__Activity__: Set down exactly the first line of the entries and every line after it, through the line with "Given: Click on".

__Supplied data__:
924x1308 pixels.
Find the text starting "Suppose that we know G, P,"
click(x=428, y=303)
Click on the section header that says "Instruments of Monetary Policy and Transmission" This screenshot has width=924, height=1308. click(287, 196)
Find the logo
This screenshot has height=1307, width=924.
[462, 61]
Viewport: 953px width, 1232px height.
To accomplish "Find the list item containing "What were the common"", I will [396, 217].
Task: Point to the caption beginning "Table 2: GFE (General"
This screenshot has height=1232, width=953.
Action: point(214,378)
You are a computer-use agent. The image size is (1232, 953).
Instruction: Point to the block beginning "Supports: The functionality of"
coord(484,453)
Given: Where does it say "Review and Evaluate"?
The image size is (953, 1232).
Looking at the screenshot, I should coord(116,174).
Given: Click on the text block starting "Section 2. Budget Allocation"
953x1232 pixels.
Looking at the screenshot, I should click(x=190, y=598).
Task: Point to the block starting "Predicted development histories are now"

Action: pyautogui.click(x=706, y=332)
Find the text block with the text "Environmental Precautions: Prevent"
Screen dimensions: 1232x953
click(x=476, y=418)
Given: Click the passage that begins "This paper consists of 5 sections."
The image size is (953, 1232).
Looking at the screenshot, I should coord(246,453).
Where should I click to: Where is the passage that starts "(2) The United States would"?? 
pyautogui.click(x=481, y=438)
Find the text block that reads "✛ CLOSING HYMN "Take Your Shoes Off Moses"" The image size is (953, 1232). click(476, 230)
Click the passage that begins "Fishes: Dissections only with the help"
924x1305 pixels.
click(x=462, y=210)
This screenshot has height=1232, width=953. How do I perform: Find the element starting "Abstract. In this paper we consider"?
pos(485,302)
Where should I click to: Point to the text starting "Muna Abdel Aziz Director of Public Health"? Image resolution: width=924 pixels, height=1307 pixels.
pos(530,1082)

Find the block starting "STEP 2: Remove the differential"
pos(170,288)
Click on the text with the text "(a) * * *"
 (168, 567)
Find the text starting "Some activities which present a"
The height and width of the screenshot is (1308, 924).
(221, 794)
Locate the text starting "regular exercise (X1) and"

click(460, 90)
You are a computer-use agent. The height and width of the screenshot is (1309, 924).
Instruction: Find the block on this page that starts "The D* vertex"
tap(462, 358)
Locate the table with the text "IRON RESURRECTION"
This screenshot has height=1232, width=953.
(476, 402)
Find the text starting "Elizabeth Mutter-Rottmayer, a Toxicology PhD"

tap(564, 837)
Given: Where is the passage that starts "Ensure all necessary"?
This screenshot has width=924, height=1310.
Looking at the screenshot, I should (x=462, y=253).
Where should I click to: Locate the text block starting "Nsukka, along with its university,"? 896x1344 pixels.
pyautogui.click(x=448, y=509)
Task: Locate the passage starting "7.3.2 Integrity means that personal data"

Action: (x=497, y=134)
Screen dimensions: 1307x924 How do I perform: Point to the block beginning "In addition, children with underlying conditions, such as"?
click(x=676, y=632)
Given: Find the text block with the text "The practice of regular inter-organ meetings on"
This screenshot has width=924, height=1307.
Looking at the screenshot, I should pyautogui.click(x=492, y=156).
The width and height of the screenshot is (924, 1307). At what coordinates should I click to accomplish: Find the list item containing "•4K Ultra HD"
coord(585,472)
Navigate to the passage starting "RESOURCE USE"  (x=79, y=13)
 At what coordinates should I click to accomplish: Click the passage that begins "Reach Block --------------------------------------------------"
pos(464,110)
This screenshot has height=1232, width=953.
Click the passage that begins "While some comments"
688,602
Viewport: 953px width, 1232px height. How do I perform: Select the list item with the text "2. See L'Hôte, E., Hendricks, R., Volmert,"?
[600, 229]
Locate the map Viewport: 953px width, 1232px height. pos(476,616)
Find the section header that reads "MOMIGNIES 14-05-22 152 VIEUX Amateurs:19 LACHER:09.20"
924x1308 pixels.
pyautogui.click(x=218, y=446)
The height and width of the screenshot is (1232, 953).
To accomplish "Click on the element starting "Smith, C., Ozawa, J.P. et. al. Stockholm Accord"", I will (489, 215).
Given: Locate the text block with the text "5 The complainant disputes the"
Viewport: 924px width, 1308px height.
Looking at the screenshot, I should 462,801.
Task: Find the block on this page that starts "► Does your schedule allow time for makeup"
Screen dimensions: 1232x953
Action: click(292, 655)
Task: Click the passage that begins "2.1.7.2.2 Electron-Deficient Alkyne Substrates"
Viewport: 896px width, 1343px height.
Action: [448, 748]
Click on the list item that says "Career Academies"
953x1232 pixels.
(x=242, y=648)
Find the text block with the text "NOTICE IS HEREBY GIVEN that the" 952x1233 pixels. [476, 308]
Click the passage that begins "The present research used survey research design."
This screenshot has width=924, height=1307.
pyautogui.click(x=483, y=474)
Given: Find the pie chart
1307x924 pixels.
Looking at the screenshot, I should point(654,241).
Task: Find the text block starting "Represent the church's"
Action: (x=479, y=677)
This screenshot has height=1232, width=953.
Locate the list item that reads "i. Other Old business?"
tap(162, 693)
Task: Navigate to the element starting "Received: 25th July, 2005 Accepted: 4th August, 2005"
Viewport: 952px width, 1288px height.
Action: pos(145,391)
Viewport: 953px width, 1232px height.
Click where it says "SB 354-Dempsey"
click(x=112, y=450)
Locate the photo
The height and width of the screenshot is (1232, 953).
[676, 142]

__Task result__:
924x1308 pixels.
Find the text starting "Suppose that we know G, P,"
click(x=428, y=303)
Click on the section header that says "Instruments of Monetary Policy and Transmission" This screenshot has width=924, height=1308. click(287, 196)
Find the logo
This screenshot has height=1307, width=924.
[462, 61]
Viewport: 953px width, 1232px height.
To accomplish "Find the list item containing "What were the common"", I will [396, 217].
Task: Point to the caption beginning "Table 2: GFE (General"
This screenshot has height=1232, width=953.
Action: point(214,378)
You are a computer-use agent. The image size is (1232, 953).
Instruction: Point to the block beginning "Supports: The functionality of"
coord(484,453)
Given: Where does it say "Review and Evaluate"?
The image size is (953, 1232).
Looking at the screenshot, I should coord(116,174).
Given: Click on the text block starting "Section 2. Budget Allocation"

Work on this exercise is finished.